Wide image of open landscape from Republic of Georgia
Photo: Emily Janoch/CARE

Expanding the lens beyond Luka’s irrigation innovations, businesses funded by similar grants have collectively generated an income of 625,805 GEL ($232,215) and a profit of 370,999 GEL ($137,666) to date and have created 106 jobs, with 20 of them filled by women.

Luka’s not just changing his own business. He has plans for his community.

“To attract young people to agriculture, you need to make them care about their homeland,” he says. “You need to make it fun for them to learn. The training helps a lot. The first training I went to was really fun. It was casual and informal. We had conversations and role plays. It wasn’t like sitting in a classroom. That was so attractive, and it made me want to come back and learn more.”

Since agriculture is so susceptible to climate change, these grants also promote climate-smart agriculture practices, setting an example for other farmers to adopt eco-friendly technologies in their plots.

A chain reaction

Back in Samshvilde, Luso is negotiating with tourist companies to get her village on the map while working with Georgian companies and international organizations that might want to use her center for teambuilding, retreats, or strategic meetings.

And Luso has inspired others to grow, too. “On my team, we have five young people who work for me. We have two women who are bakers from the local village, and one woman who makes cheese. We have hired six people and trained them to do tours of the local canyon, and we’ll hire one more to run the information center and store.

Portrait of woman with white head covering rolling dough with a rolling pin on an outdoor table
Ana Chilingiriani, one of Luso’s employees, rolls out dough for baking. Photo: Emily Janoch/CARE

My friend noticed that I don’t have anywhere for people to spend the night here. So she’s building a hostel where people can stay and complement my business so even more people will come.”

Luso has more plans than just running a tourist center. She sees business as a venue for social change. “I’m opening this space for tourists. That is the fun part. But I have another reason, too. I’m opening this as an afterschool center for young people. They don’t have anywhere to go after school. Most people here are ethnically Armenian, and it’s very hard to integrate into the broader community. The language barriers make it really hard. Young people here are so afraid and shy. They don’t like to speak up because of their language and because of the prejudice they face.”
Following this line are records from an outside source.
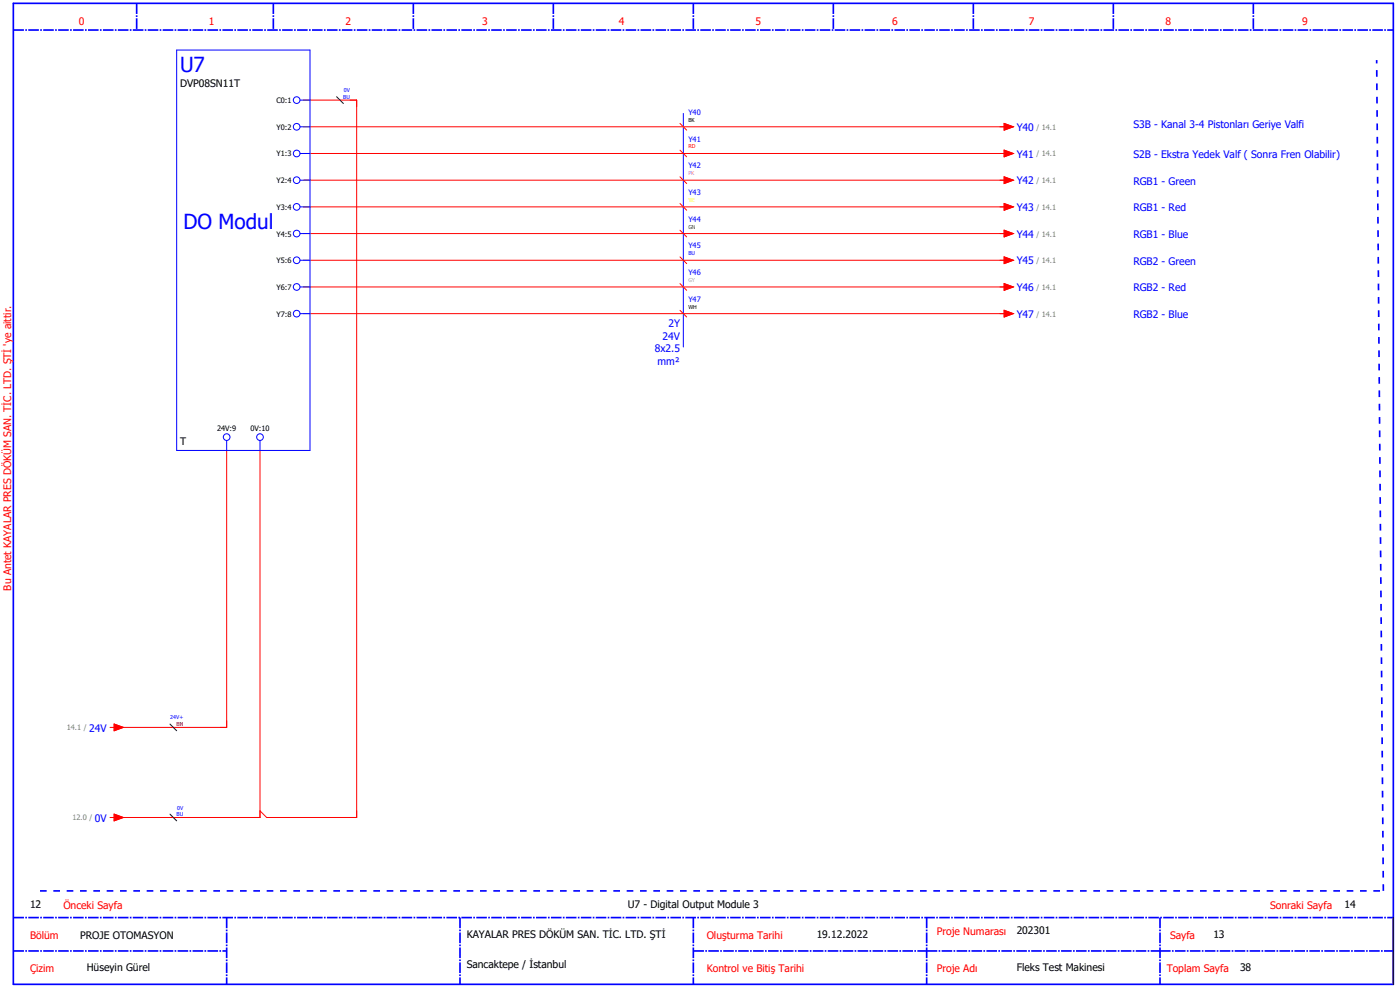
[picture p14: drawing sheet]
<svg xmlns="http://www.w3.org/2000/svg" width="420mm" height="297mm" viewBox="0 0 420 297" stroke-linecap="round" stroke-linejoin="round" font-family="sans-serif">
<defs><g id="words">
<g font-size="6.2" fill="#00f">
<text x="54" y="21.7">U7</text>
<text x="55" y="68.7">DO Modul</text>
</g>
<g font-size="3.1" fill="#f00">
<text x="23.7" y="7.4">0</text>
<text x="62.7" y="7.4">1</text>
<text x="103.7" y="7.4">2</text>
<text x="144.7" y="7.4">3</text>
<text x="185.7" y="7.4">4</text>
<text x="226.7" y="7.4">5</text>
<text x="267.7" y="7.4">6</text>
<text x="308.7" y="7.4">7</text>
<text x="349.7" y="7.4">8</text>
<text x="390.7" y="7.4">9</text>
<text x="3.4" y="177" transform="rotate(-90 3.4 177)">Bu Antet KAYALAR PRES DÖKÜM SAN. TİC. LTD. ŞTİ 'ye aittir.</text>
<text x="19" y="272.4">Önceki Sayfa</text>
<text x="381" y="272.4">Sonraki Sayfa</text>
<text x="9" y="281.4">Bölüm</text>
<text x="212" y="281.4">Oluşturma Tarihi</text>
<text x="281" y="280.4">Proje Numarası</text>
<text x="351" y="281.4">Sayfa</text>
<text x="9" y="291.4">Çizim</text>
<text x="212" y="291.4">Kontrol ve Bitiş Tarihi</text>
<text x="281" y="291.4">Proje Adı</text>
<text x="350" y="291.4">Toplam Sayfa</text>
</g>
<g font-size="3.1">
<text x="54" y="26.1">DVP08SN11T</text>
<text x="54" y="133.4">T</text>
<text x="9" y="272">12</text>
<text x="188.3" y="272.2">U7 - Digital Output Module 3</text>
<text x="403.3" y="272.2">14</text>
<text x="24" y="281.4">PROJE OTOMASYON</text>
<text x="140" y="281">KAYALAR PRES DÖKÜM SAN. TİC. LTD. ŞTİ</text>
<text x="245" y="281">19.12.2022</text>
<text x="305" y="280">202301</text>
<text x="364" y="281">13</text>
<text x="26" y="291">Hüseyin Gürel</text>
<text x="140" y="290">Sancaktepe / İstanbul</text>
<text x="305" y="291">Fleks Test Makinesi</text>
<text x="372" y="291">38</text>
</g>
<g font-size="3.1" fill="#00f">
<text x="305" y="39.2">Y40</text>
<text x="340" y="38.4">S3B - Kanal 3-4 Pistonları Geriye Valfi</text>
<text x="305" y="47.2">Y41</text>
<text x="340" y="47.4">S2B - Ekstra Yedek Valf ( Sonra Fren Olabilir)</text>
<text x="305" y="55.2">Y42</text>
<text x="340" y="55.4">RGB1 - Green</text>
<text x="305" y="63.2">Y43</text>
<text x="340" y="63.4">RGB1 - Red</text>
<text x="305" y="71.2">Y44</text>
<text x="340" y="71.4">RGB1 - Blue</text>
<text x="305" y="79.2">Y45</text>
<text x="340" y="79.4">RGB2 - Green</text>
<text x="305" y="87.2">Y46</text>
<text x="340" y="87.4">RGB2 - Red</text>
<text x="305" y="95.2">Y47</text>
<text x="340" y="95.4">RGB2 - Blue</text>
<text x="198.8" y="101.9">24V</text>
<text x="200.5" y="98.1">2Y</text>
<text x="196.4" y="105.6">8x2.5</text>
<text x="197.3" y="109.4">mm²</text>
<text x="26.8" y="219.2">24V</text>
<text x="28.5" y="246.2">0V</text>
</g>
<g font-size="2.2">
<text x="82.9" y="30.9">C0:1</text>
<text x="83" y="38.9">Y0:2</text>
<text x="83" y="46.9">Y1:3</text>
<text x="83" y="54.9">Y2:4</text>
<text x="83" y="62.9">Y3:4</text>
<text x="83" y="70.9">Y4:5</text>
<text x="83" y="78.9">Y5:6</text>
<text x="83" y="86.9">Y6:7</text>
<text x="83" y="94.9">Y7:8</text>
<text x="65.1" y="129">24V:9</text>
<text x="75.1" y="129">0V:10</text>
</g>
<g font-size="2.2" fill="#00f">
<text x="206.5" y="34.4">Y40</text>
<text x="206.5" y="42.4">Y41</text>
<text x="206.5" y="50.4">Y42</text>
<text x="206.5" y="58.4">Y43</text>
<text x="206.5" y="66.4">Y44</text>
<text x="206.5" y="74.4">Y45</text>
<text x="206.5" y="82.4">Y46</text>
<text x="206.5" y="90.4">Y47</text>
</g>
<g font-size="2.2" fill="#7ca552">
<text x="310.9" y="38.9">/ 14.1</text>
<text x="310.9" y="46.9">/ 14.1</text>
<text x="310.9" y="54.9">/ 14.1</text>
<text x="310.9" y="62.9">/ 14.1</text>
<text x="310.9" y="70.9">/ 14.1</text>
<text x="310.9" y="78.9">/ 14.1</text>
<text x="310.9" y="86.9">/ 14.1</text>
<text x="310.9" y="94.9">/ 14.1</text>
<text x="20" y="218.9">14.1 /</text>
<text x="21.7" y="245.9">12.0 /</text>
</g>
<g font-size="1.6" fill="#00f">
<text x="103" y="29.6">BU</text>
<text x="103.2" y="27.6">0V</text>
<text x="206.5" y="76.5">BU</text>
<text x="51.1" y="215.6">24V+</text>
<text x="53" y="244.6">BU</text>
<text x="53.2" y="242.6">0V</text>
</g>
<g font-size="1.6">
<text x="206.5" y="36.5">BK</text>
<text x="206.5" y="92.5">WH</text>
</g>
<text font-size="1.6" fill="#f00" x="206.5" y="44.5">RD</text>
<text font-size="1.6" fill="#f0f" x="206.5" y="52.5">PK</text>
<text font-size="1.6" fill="#ff0" x="206.5" y="60.5">YE</text>
<text font-size="1.6" fill="#00be00" x="206.5" y="68.5">GN</text>
<text font-size="1.6" fill="#afafaf" x="206.5" y="84.5">GY</text>
<text font-size="1.6" fill="#7f0000" x="53" y="217.6">BN</text>
</g></defs>
<path d="M4 1h414v294h-414z" fill="none" stroke="#00f" stroke-width=".5"/>
<g fill="none" stroke="#00f" stroke-width=".5" stroke-dasharray="3.2 .4 .5 .4" stroke-linecap="butt">
<path d="M4 9h414M41 1v8M82 1v8M124 1v8M166 1v8M208 1v8M250 1v8M292 1v8M334 1v8M376 1v8M4 275h414M68 275v20"/>
<path d="M138 275v20M208 275v20M278 275v20M348 275v20M4 285h64M208 285h70M278 285h70M348 285h70"/>
</g>
<path d="M418 275v20" fill="none" stroke="#000" stroke-width=".35"/>
<path d="M12 267h403M415 267l-2-249" fill="none" stroke="#00f" stroke-width=".5" stroke-dasharray="2 2" stroke-linecap="butt"/>
<g fill="none" stroke="#f00" stroke-width=".3">
<path d="M91 30h16v215h-27l-2-2M91 38h211M204 37l2 2M301.3 37l2.7 1-2.7 1zM91 46h211M91 54h211M204 45l2 2M204 53l2 2M301.3 45l2.7 1-2.7 1zM301.3 53l2.7 1-2.7 1zM91 62h211M91 70h211"/>
<path d="M91 78h211M204 61l2 2M204 69l2 2M204 77l2 2M301.3 61l2.7 1-2.7 1zM301.3 69l2.7 1-2.7 1zM301.3 77l2.7 1-2.7 1zM91 86h211M91 94h211M204 85l2 2M204 93l2 2M301.3 85l2.7 1-2.7 1z"/>
<path d="M301.3 93l2.7 1-2.7 1zM68 135v83h-33M78 135v110h-43M33 218h1.2M34.2 217l2.8 1-2.8 1zM33 245h1.2M34.2 244l2.8 1-2.8 1z"/>
</g>
<g fill="none" stroke="#00f" stroke-width=".3">
<path d="M53 15h40v120h-40zM90 30h3M90 38h3M205 34v70M90 46h3M90 54h3M90 62h3M90 70h3M90 78h3M90 86h3M90 94h3M68 132v3"/>
<path d="M78 132v3"/>
<circle cx="89" cy="30" r="1"/>
<circle cx="89" cy="38" r="1"/>
<circle cx="89" cy="54" r="1"/>
<circle cx="89" cy="46" r="1"/>
<circle cx="89" cy="78" r="1"/>
<circle cx="89" cy="70" r="1"/>
<circle cx="89" cy="62" r="1"/>
<circle cx="89" cy="94" r="1"/>
<circle cx="89" cy="86" r="1"/>
<circle cx="68" cy="131" r="1"/>
<circle cx="78" cy="131" r="1"/>
</g>
<g fill="#f00" stroke="#f00" stroke-width=".3">
<path d="M34.2 217l2.8 1-2.8 1z"/>
<path d="M34.2 244l2.8 1-2.8 1z"/>
<path d="M301.3 37l2.7 1-2.7 1z"/>
<path d="M301.3 45l2.7 1-2.7 1z"/>
<path d="M301.3 53l2.7 1-2.7 1z"/>
<path d="M301.3 61l2.7 1-2.7 1z"/>
<path d="M301.3 69l2.7 1-2.7 1z"/>
<path d="M301.3 77l2.7 1-2.7 1z"/>
<path d="M301.3 85l2.7 1-2.7 1z"/>
<path d="M301.3 93l2.7 1-2.7 1z"/>
</g>
<path d="M101 29l2 2M51 217l2 2M51 244l2 2" fill="none" stroke="#000" stroke-width=".3"/>
<use href="#words"/>
</svg>

“I want to break that fear. I want them to have confidence. I want to build a space and jobs for women and young people.”

Luso Dostibegiani

Luso proves—if it needed proving—that local leaders possess the best answers, and the ones that will last the longest. “I have wanted to do this since 2016. I am local and I live here. I want to continue living here; this is my home. I know all the problems here. I know there is nowhere young people can meet. But I can’t just build a center for young people. I need to make sure it will last. We won’t always have projects to lean on. So, I know I need to have a business that will make money and that can help solve social problems. I want to do both.”

The Community Development Initiative project, phase 7 (CDI-7) is initiated and funded by bp and its co-ventures in Baku-Tbilisi-Ceyhan (BTC) and South Caucasian Pipeline (SCP). The project is implemented by CARE Caucasus.